Если утверждается, что происходящее в России есть реставрация, то надо сначала показать, что это — не новая революция. Надо выявить движущие силы изменений, их генетическую связь с обществом царской России, социальный, культурный и национальный тип новых собственников и властителей. Думаю, самый грубый структурный анализ покажет, что ничего похожего на главные признаки общества и государства России до революции 1905-1917 гг. сегодня нет. Возникает нечто совершенно иное, хотя зародыши нынешнего строя, враждебные старой России, были уже и в революции начала века. Конечно, в молодом чекисте в кожанке непросто было прозреть Бориса Абрамовича Березовского. Непросто, но можно.

Если уж говорить об истории России в нашем веке как череде волн революции и реставрации (каждый раз на новом уровне), то надо выявить все эти волны. Нельзя употреблять понятие реставрации, не связав точки — «отрицание отрицания». Ведь если до сегодняшней реставрации уже прошла одна, то значит, сегодняшняя как раз восстанавливает не старую Россию, а то, что было перед предыдущей реставрации. То есть, это — новый виток именно революции, разрушившей старую Россию.

Является почти общепризнанным, и тому есть веские основания, что большой реставрацией Российской империи был сталинизм, недаром названный «термидором». Конечно, это была реставрация на новом уровне, со скачкообразным развитием, без иностранных банков и займов. Это была реставрация, которая потребовала много крови и пота, но с опорой именно на все подспудные силы России — потому-то она была принята народом с энтузиазмом, вплоть до культа личности Сталина.

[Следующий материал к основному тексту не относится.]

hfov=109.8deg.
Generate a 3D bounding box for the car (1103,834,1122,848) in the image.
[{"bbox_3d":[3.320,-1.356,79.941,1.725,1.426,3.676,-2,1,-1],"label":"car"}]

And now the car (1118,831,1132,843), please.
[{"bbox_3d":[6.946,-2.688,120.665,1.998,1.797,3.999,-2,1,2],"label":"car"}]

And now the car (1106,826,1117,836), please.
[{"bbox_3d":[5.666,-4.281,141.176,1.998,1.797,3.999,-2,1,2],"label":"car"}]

Если так, то реставрация сегодня означает восстановление того, что подавил сталинизм, восстановление именно того течения революции, которое было непримиримым врагом старой России. Значит, никакого оптимизма трактовка происходящего как реставрации вызывать не может, ибо советский строй для этих реставраторов — такой же враг, как старая Россия, и они его будут доламывать.

Мы упомянули только одну волну реставрации — сталинизм. А процесс намного сложнее, реставрация одной структуры часто была связана с революцией в другой. Так, уже Октябрьская революция во многом была реставрацией России в ответ на разрушивший ее Февраль. Лозунг «Вся власть Советам!» есть идея самодержавия, пусть и воплощенного не в царе. Это — отрицание либерального государства Февраля с его будущим парламентом и разделением властей. А гражданская война стала реставрацией России как единого государства — отрицанием буржуазного сепаратизма, рождающего государства-нации.

Конечно, представление Октября как реставрации после Февраля — натяжка, хотя зерно смысла в ней есть. Но уж во всяком случае пора отказаться от видения 1917 г. как двух этапов перманентной революции — буржуазно-демократической в Феврале, переросшей к Октябрю в пролетарскую социалистическую. На деле сразу в Феврале возникли два принципиально разных, несовместимых типа государства. Один построенный по либеральному образцу Запада, другой — идущий из крестьянского нутра России. Временное правительство и Советы. Они и соревновались друг с другом, сначала мирно, а потом на поле боя.